Q: School mornings are a real struggle in my house. My kids have to do just six things each morning: Get up, get dressed, brush their teeth, comb their hair, eat some breakfast and get their shoes on. But, every single morning, I find them dawdling over breakfast or having trouble picking out an outfit. By the time I drop them off at school, I’m frustrated, and they’re upset because I’ve nagged them all morning.
How can I help my kids do better getting ready for school?
Getting ready for school is a constant source of strife for many families
In a survey from Indeed, 62% of moms rated adjusting to a new morning routine as their top challenge when their kids started school.
On those busy mornings, today’s parents often are sleep deprived and stressed about the day ahead as they attempt to wrangle kids who are in no hurry to leave and may not even understand the concept of time.
“The kids don’t understand why it’s important,” said Brad Weinstein, co-author of Hacking School Discipline: 9 Ways to Create a Culture of Empathy and Responsibility Using Restorative Justice, “They are taking their sweet little time. They don’t have the adult’s ability to reason, and what is important to them is not important to you that morning.”
But, said Weinstein, there’s a solution—setting a routine and sticking to it.
“You can’t wake a kid up at 7:45 on one day and 7:30 on another day and 8 on another day. It’s having a consistent bedtime as well as a consistent routine in the morning,” said Weinstein, who also is chief innovation officer for BehaviorFlip. “Once you have a routine that you stick to every day and you don’t deviate from it, that’s when you have success.”
Routines are critical for children. They give kids a sense of security and allow them to develop self-discipline, according to Aha! Parenting, a website created by clinical psychologist and author Laura Markham.

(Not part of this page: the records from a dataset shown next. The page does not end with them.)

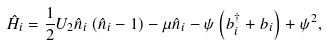Convert formula to latex. <formula><loc_0><loc_0><loc_500><loc_500>\hat { H } _ { i } = \frac { 1 } { 2 } U _ { 2 } \hat { n } _ { i } \left ( \hat { n } _ { i } - 1 \right ) - \mu \hat { n } _ { i } - \psi \left ( b ^ { \dag } _ { i } + b _ { i } \right ) + \psi ^ { 2 } ,</formula> 
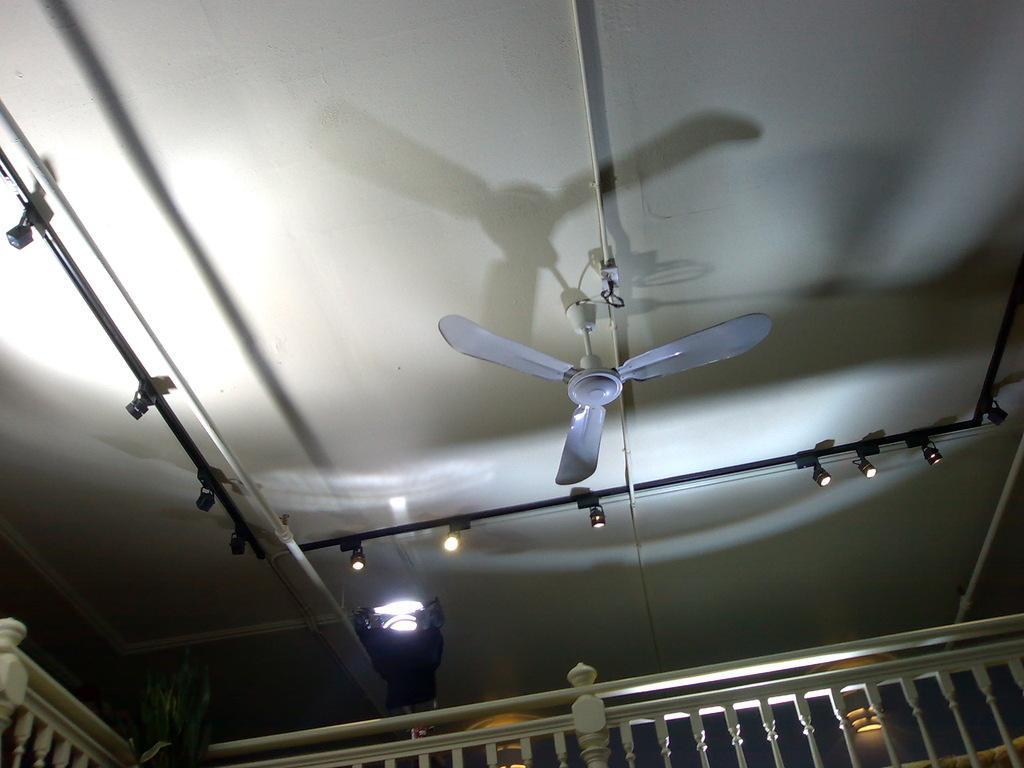Describe this image in one or two sentences. In this picture I can see the railing in front and on the ceiling I can see the rods on which there are lights and I can see a fan. I can also see few more lights on the bottom of this picture. 
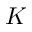<formula> <loc_0><loc_0><loc_500><loc_500>K</formula> 
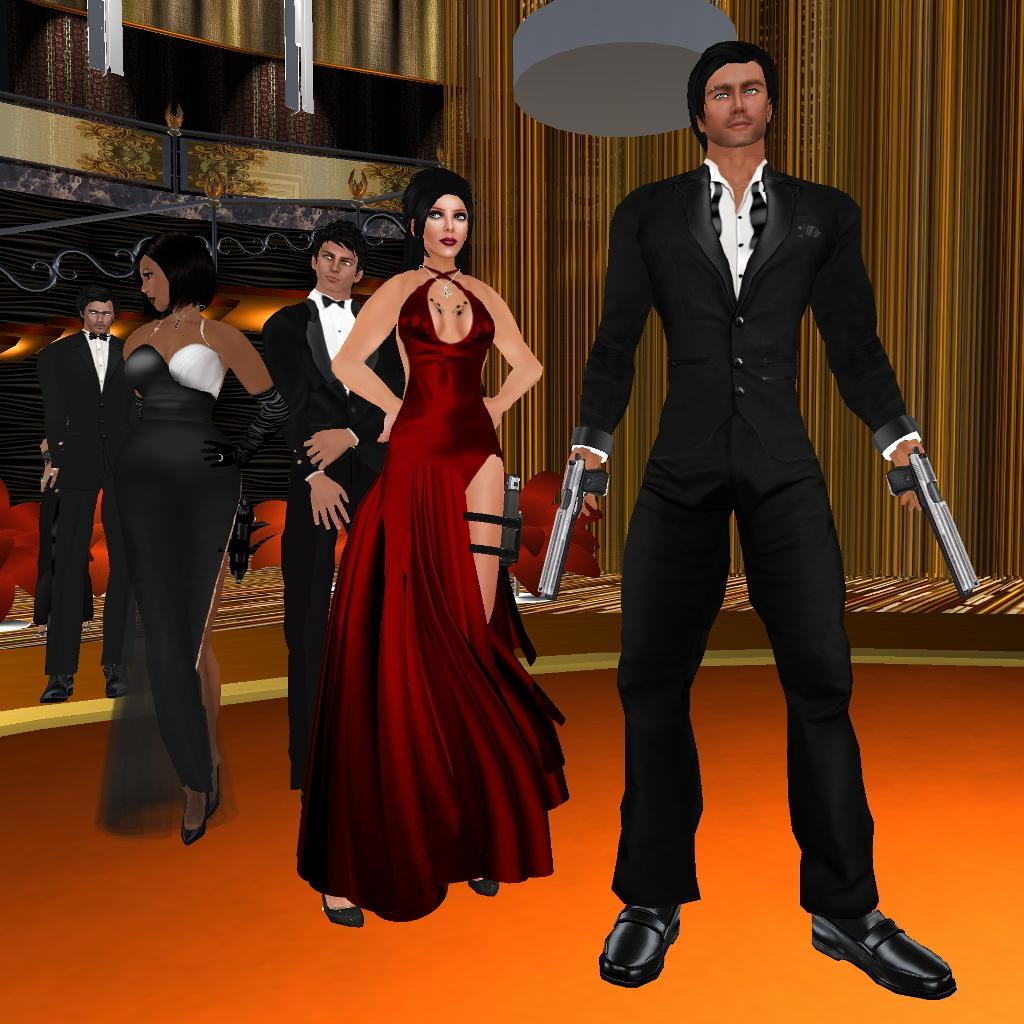Describe this image in one or two sentences. In this picture I can see few persons are standing in the middle, in the background there is the wall, it is an animated picture. 
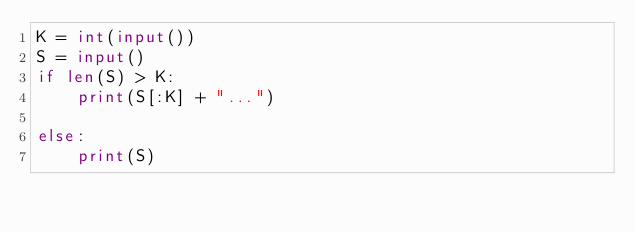<code> <loc_0><loc_0><loc_500><loc_500><_Python_>K = int(input())
S = input()
if len(S) > K:
    print(S[:K] + "...")
        
else:
    print(S)</code> 
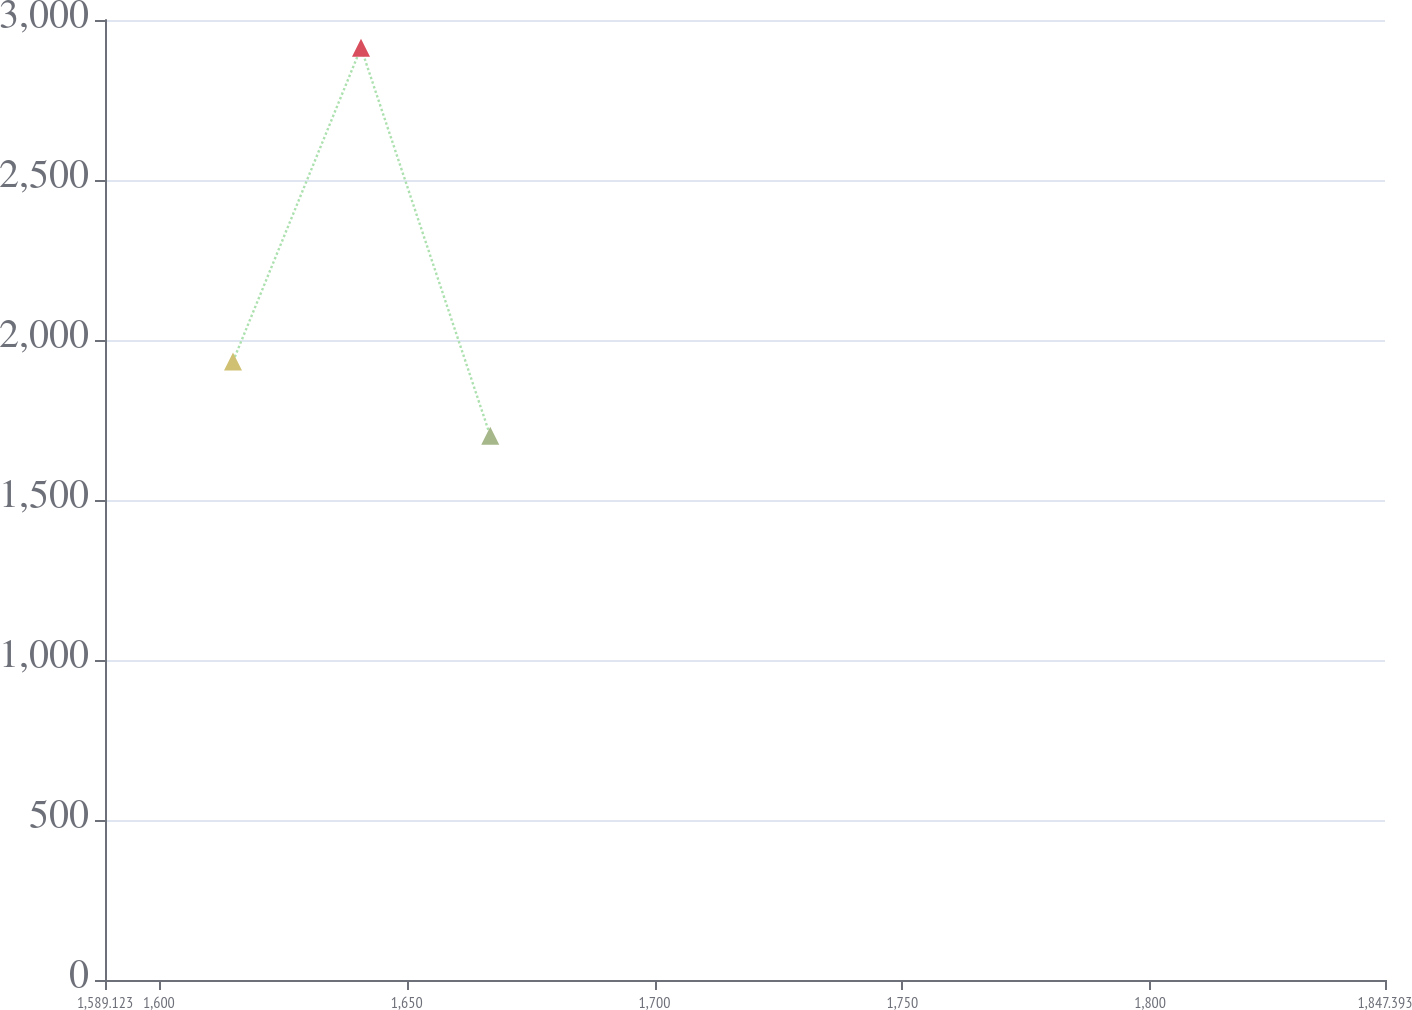Convert chart. <chart><loc_0><loc_0><loc_500><loc_500><line_chart><ecel><fcel>$ 3,341<nl><fcel>1614.95<fcel>1933.07<nl><fcel>1640.78<fcel>2913.42<nl><fcel>1666.86<fcel>1700.75<nl><fcel>1873.22<fcel>1233.8<nl></chart> 
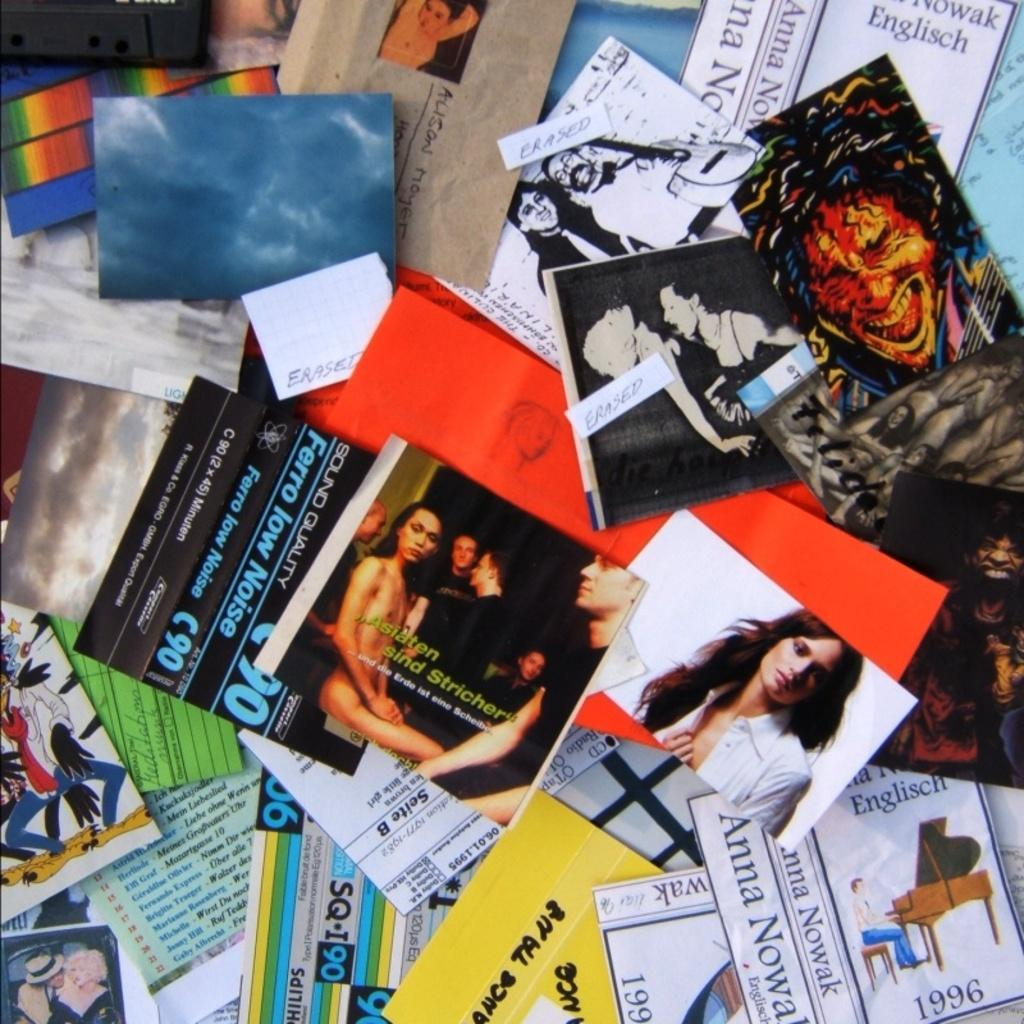<image>
Summarize the visual content of the image. Many cards on a table including one that has the name ANNA on it. 
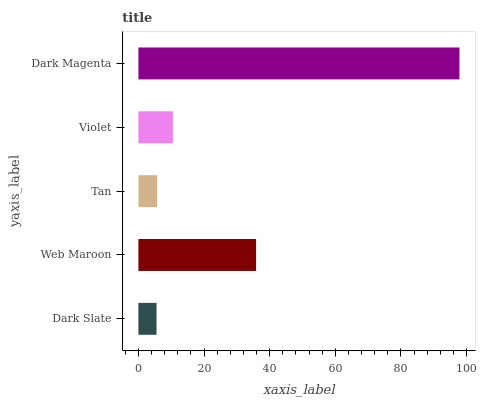Is Dark Slate the minimum?
Answer yes or no. Yes. Is Dark Magenta the maximum?
Answer yes or no. Yes. Is Web Maroon the minimum?
Answer yes or no. No. Is Web Maroon the maximum?
Answer yes or no. No. Is Web Maroon greater than Dark Slate?
Answer yes or no. Yes. Is Dark Slate less than Web Maroon?
Answer yes or no. Yes. Is Dark Slate greater than Web Maroon?
Answer yes or no. No. Is Web Maroon less than Dark Slate?
Answer yes or no. No. Is Violet the high median?
Answer yes or no. Yes. Is Violet the low median?
Answer yes or no. Yes. Is Web Maroon the high median?
Answer yes or no. No. Is Tan the low median?
Answer yes or no. No. 
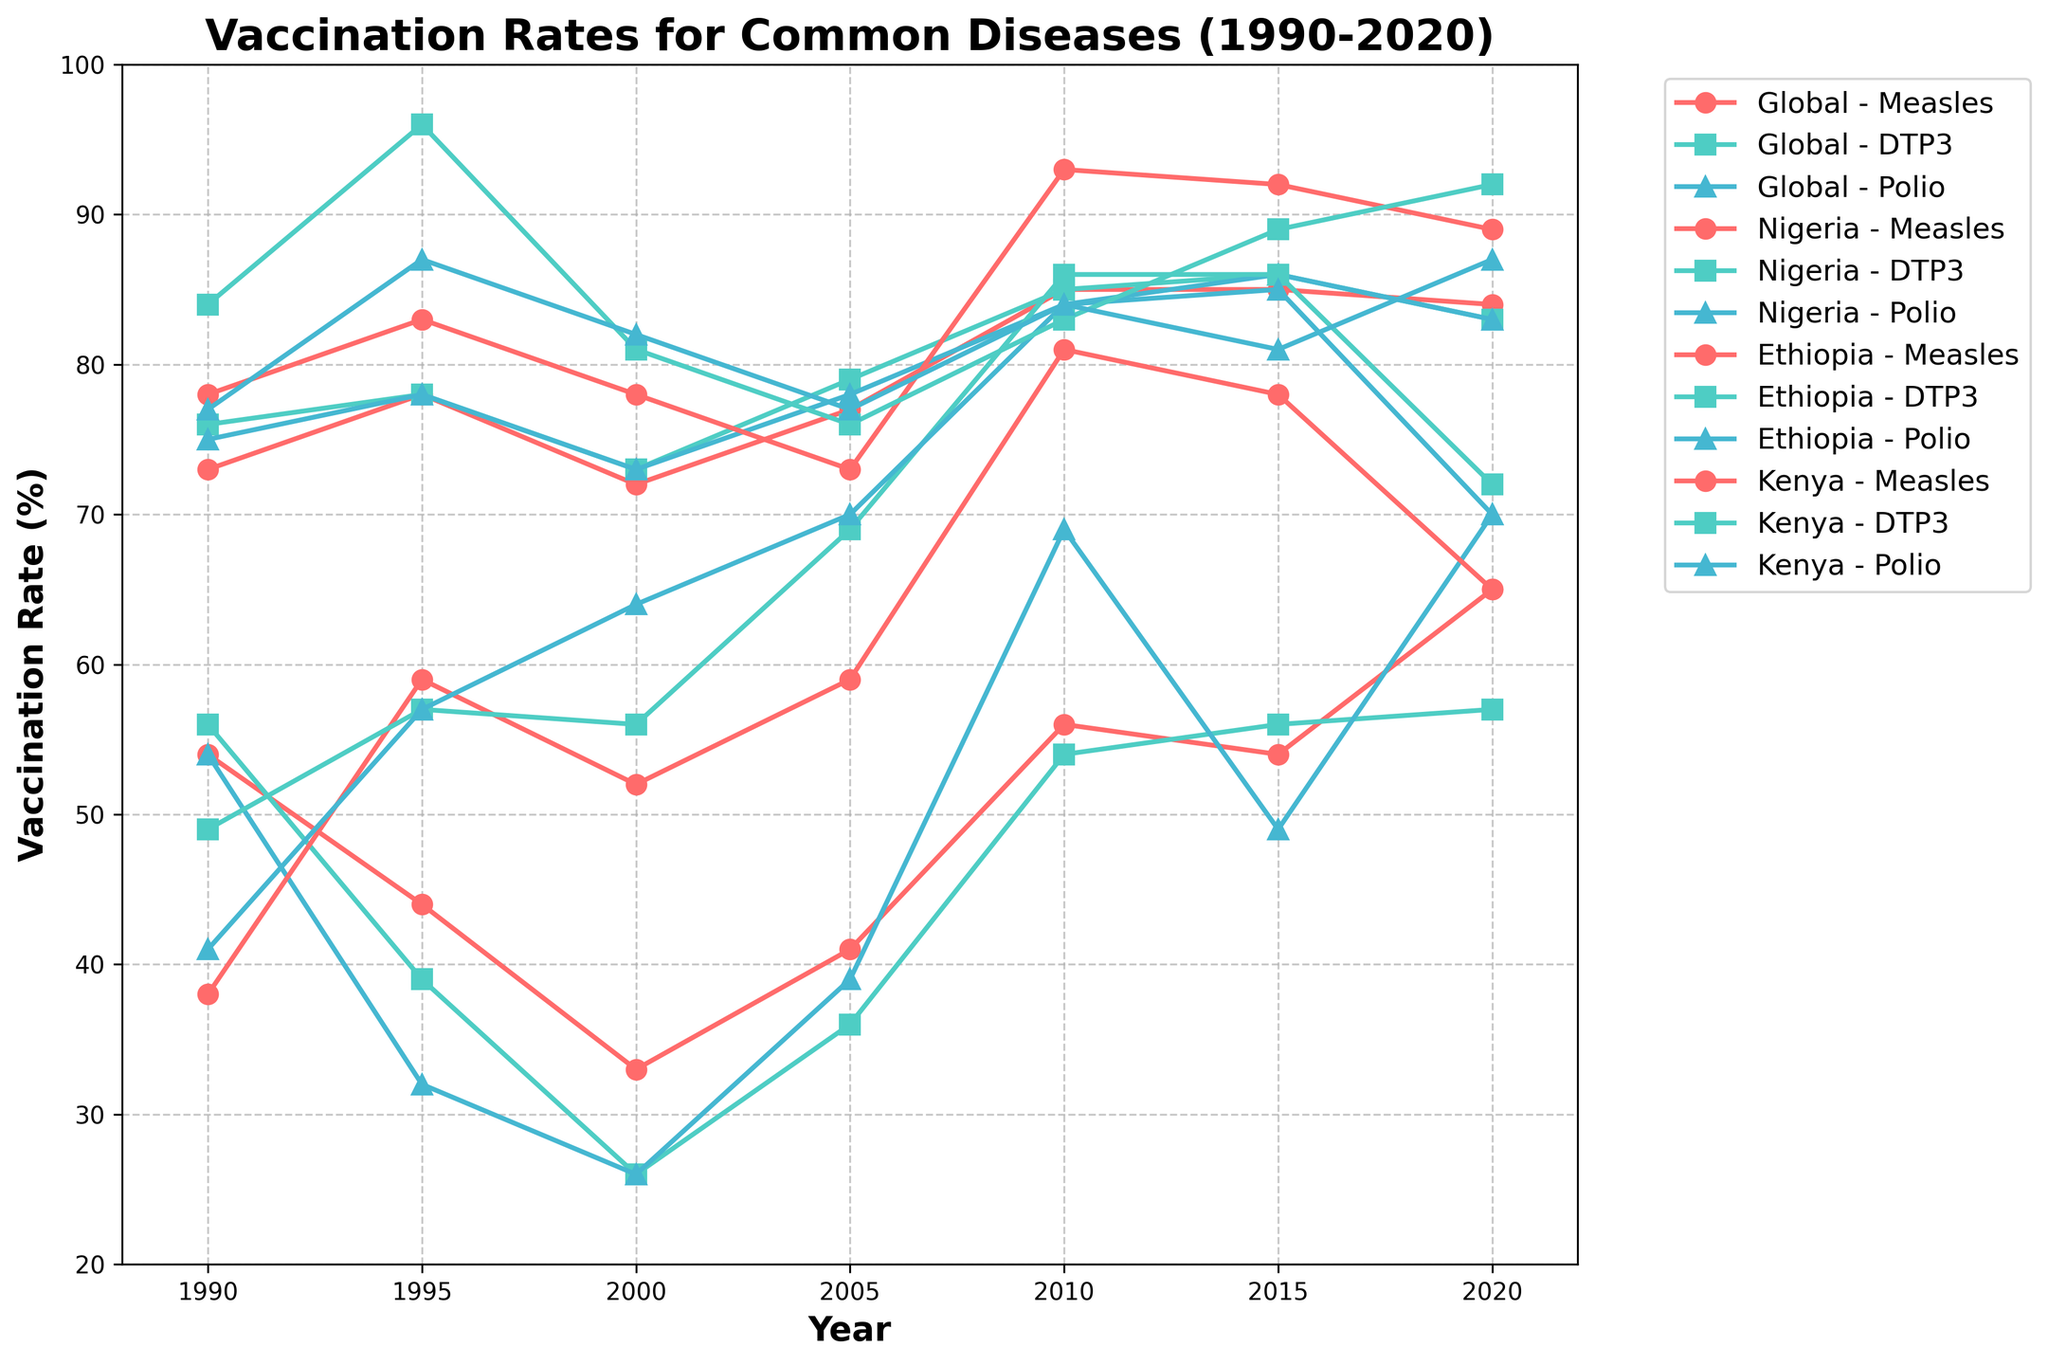What was the vaccination rate for Measles in Nigeria in the year 2000? Checking the figure, the vaccination rate for Measles in Nigeria in 2000 is marked at 33%.
Answer: 33% Which country had the highest vaccination rate for DTP3 in the year 1995? By examining the plot, we see that Kenya had the highest DTP3 vaccination rate in 1995, with a rate of 96%.
Answer: Kenya How has the vaccination rate for Polio changed in Ethiopia from 1990 to 2020? Looking at the graph, we see the Polio vaccination rate in Ethiopia increased from 41% in 1990 to 70% in 2020, a change of 29 percentage points.
Answer: Increased by 29 percentage points Comparing 2005 and 2010, what was the increase in the Measles vaccination rate in Ethiopia? According to the chart, the Measles vaccination rate in Ethiopia was 59% in 2005 and 81% in 2010. The increase is 81% - 59% = 22%.
Answer: 22% What was the difference between the global Polio vaccination rate and the Nigerian Polio vaccination rate in 2015? From the figure, the global Polio vaccination rate in 2015 was 86%, while the Nigerian Polio vaccination rate was 49%. The difference is 86% - 49% = 37%.
Answer: 37% Which disease had the smallest increase in global vaccination rates from 1990 to 2020? Out of the diseases shown, the measles vaccination rate increased from 73% in 1990 to 84% in 2020, a change of 11 percentage points. DTP3 increased by 7 percentage points, and Polio increased by 8 percentage points. Hence, DTP3 had the smallest increase.
Answer: DTP3 Which country had the highest vaccination rate for Measles in 2015? In the year 2015, the graph shows that Kenya had the highest Measles vaccination rate, at 92%.
Answer: Kenya What was the average vaccination rate for Polio in Nigeria from 1990 to 2020? The Polio vaccination rates in Nigeria for the years given are 54%, 32%, 26%, 39%, 69%, 49%, and 70%. Summing these, we get 339%. Dividing by 7 (the number of data points), the average is 339% / 7 ≈ 48.43%.
Answer: 48.43% Between 1990 and 2000, which country saw a decline in vaccination rate for Measles? From 1990 to 2000, the graph shows that Nigeria's Measles vaccination rate declined from 54% to 33%.
Answer: Nigeria What is the general trend of DTP3 vaccination rates in Kenya from 1990 to 2020? By looking at the figure, the DTP3 vaccination rate in Kenya fluctuated but generally stayed high, reaching a peak at 96% in 1995 and maintaining a rate above 70% in other years.
Answer: Stable and high 
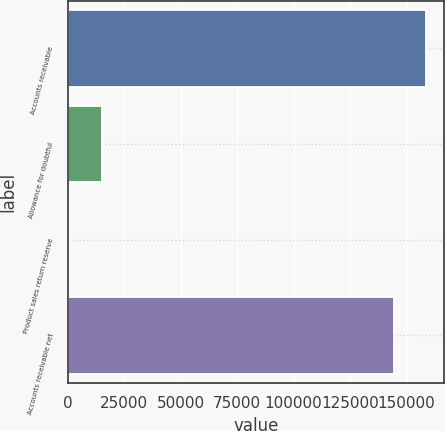<chart> <loc_0><loc_0><loc_500><loc_500><bar_chart><fcel>Accounts receivable<fcel>Allowance for doubtful<fcel>Product sales return reserve<fcel>Accounts receivable net<nl><fcel>158786<fcel>15088.6<fcel>566<fcel>144263<nl></chart>

And, while getting ready for school will require kids to complete specific tasks, Markham, in her book, Peaceful Parent, Happy Kids: How to Stop Yelling and Start Connecting, encourages parents to focus also on the benefits of a happier morning.
“Reframe your idea of the morning routine,” she writes. “What if your main job were to connect emotionally? That way, your child would have a genuinely ‘full cup.’ Not only would he be more ready to cooperate with you, he’d be more able to rise to the developmental challenges of the day.”
Weinstein and Markham set out some simple tips to get your routine in order.
Prep the night before
Pack lunches, have your kids lay out their clothes, get backpacks ready and make sure all the shoes are where they should be. “It might take half an hour of struggle to pick the right shirt and the right socks, but, in the morning, that’s not when that struggle occurs,” Weinstein said.
Go to bed on time
A good night’s sleep will help ensure kids are ready to handle the day ahead. The American Academy of Pediatrics recommends a simple nighttime ritual that involves brushing teeth, reading a book or two and going to bed at the same time each night. That consistent bedtime is vital for parents too, writes Markham.
“Your child depends on you to start your own day with a ‘full cup,’” she writes. “There’s no way to stay patient when you’re exhausted.”
Make the morning routine simple
Getting ready for school by doing most of the work the night before means that all your kids need to worry about is getting dressed and eating some breakfast. There’s no last-minute hunt for a homework assignment or a single shoe. “It’s a matter of keeping and sticking to that morning routine because you prepped the night before to make it smooth,” Weinstein said. “It’s frontloading.”
Build in some snuggles
It might sound impossible, but Markham writes that it’s well worth the effort to include five minutes or so to snuggle with each child before you go your separate ways for the day. “If everything else is already done, you can relax for 10 minutes,” she writes. “That time connecting with your child will transform your morning.”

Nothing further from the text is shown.